Setelah menuntaskan upacara ngaben pada Jumat, 19 Agustus 2022 lalu, Desa Adat Kusamba, Desa Kusamba, Kecamatan Dawan, Kabupaten Klungkung menggelar upacara ngeroras yang puncaknya dilaksanakan pada Rabu, 31 Agustus 2022. Upacara ini diikuti 223 puspa (simbol atma atau roh orang yang diupacarai) dengan 124 pangarep atau pamilet (peserta). Upacara di-puput Ida Pedanda Gede Putra Tembau dari Gria Aan, Klungkung serta Ida Pedanda Gede Wayan Darma dari Gria Wanasari, Desa Talibeng, Kecamatan Sidemen, Karangasem. Ribuan krama Desa Adat Kusamba pun hadir dalam upacara tersebut.

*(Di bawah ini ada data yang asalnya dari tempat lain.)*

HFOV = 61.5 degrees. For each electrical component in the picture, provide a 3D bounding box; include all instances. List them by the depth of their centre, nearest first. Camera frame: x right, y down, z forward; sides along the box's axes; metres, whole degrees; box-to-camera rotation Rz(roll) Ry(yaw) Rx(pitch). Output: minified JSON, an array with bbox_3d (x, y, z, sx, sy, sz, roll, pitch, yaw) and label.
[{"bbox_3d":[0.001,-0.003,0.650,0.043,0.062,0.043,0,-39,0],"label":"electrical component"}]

Bendesa Desa Adat Kusamba, AA Gede Raka Swastika mengungkapkan upacara ngeroras merupakan rangkaian Karya Pitra Yadnya Kinembulan, Ngeroras, lan Nuntun Desa Adat Kusamba tahun 2022. Upacara ini dilaksanakan tepat 12 hari setelah upacara ngaben dan bertujuan menyucikan atman yang sudah diupacarai dalam upacara ngaben lalu sehingga bisa meningkat statusnya secara spiritual dari pitara menjadi dewa pitara. “Pada 3 September 2022 nanti rangkaian akhirnya adalah upacara nyegara gunung dan nuntun dengan tujuan nglinggihang atau menstanakan dewa pitara di sanggah/merajan masing-masing,” ungkap Raka Swastika.

Prosesi peed puspa dari genah panyucian menuju bale payadnyan.
Ketua Umum Prawartaka Karya, I Nengah Sumarnaya menjelaskan dalam upacara ngeroras diupacarai 223 puspa dengan 124 pangarep atau pamilet. dari 223 puspa itu, 99 di antaranya merupakan puspa laki-laki dan 124 puspa perempuan. Sementara dalam upacara nuntun diupacarai 229 puspa, yang terdiri atas 102 puspa laki-laki dan 127 puspa perempuan. 229 puspa itu dipertanggungjawabkan oleh 127 pangarep atau pamilet.
Upacara ngeroras dipusatkan di bale payadnyan di jaba sisi Pura Segara Desa Adat Kusamba. Rangkaian upacara pada puncak karya ngeroras diawali dengan upacara macaru di bale payadnyan. Selesai macaru, seluruh puspa yang sebelumnya distanakan di rumah masing-masing pangarep, mengikuti prosesi mapeed dari genah panyucian di Banjar Tengah menuju bale payadnyan di Pura Segara. Setelah itu, barulah dilaksanakan upacara mapurwa daksina, yakni iring-iringan puspa mengitari tempat upacara dari timur (purwa) menuju ke selatan (daksina) searah jarum jam sebagai simbol mencapai alam tertinggi, yakni swahloka. Usai mapurwa daksina, sore hari dilanjutkan dengan narpana puspa yang di-puput sulinggih.
Kamis, 1 September 2022 subuh dilaksanakan upacara ngliwet serta ngeseng puspa. Seluruh puspa yang sudah diupacarai akan dibakar lalu abunya dimasukkan ke dalam bungkak (kelapa yang masih muda sekali dan belum ada isinya). Rangkaian akhir upacara ngeroras ditutup dengan nganyut ka segara (melarung ke tengah laut).
AA Gede Raka Swastika dan I Nengah Sumarnaya menyampaikan seluruh rangkaian upacara ngaben, ngeroras hingga nuntun dilaksanakan secara bersama-sama sesuai konsep kinembulan. Kata kinembulan berasal dari kata kembulin yang mendapat sisipan in dan berarti ‘dikeroyok’ atau ‘dikerjakan bersama-sama’. Dalam tradisi Bali, kinembulan bermakna mengerjakan suatu upacara secara bergotong-royong bersama-sama, baik dalam hal pembiayaan, menyiapkan sarana upakara dan kebutuhan upacara lainnya, serta pelaksanaan upacara.
“Selain membantu krama yang kemampuan ekonominya terbatas agar bisa menunaikan kewajibannya melaksanakan upacara pitra yadnya maupun dewa yadnya ini, tapi juga memupuk kebersamaan, kekeluargaan, dan kegotongroyongan di antara krama desa. Inilah kekuatan utama desa adat sebagai fondasi adat dan budaya Bali yang patut kita jaga bersama-sama,” tandas Raka Swastika. (b.)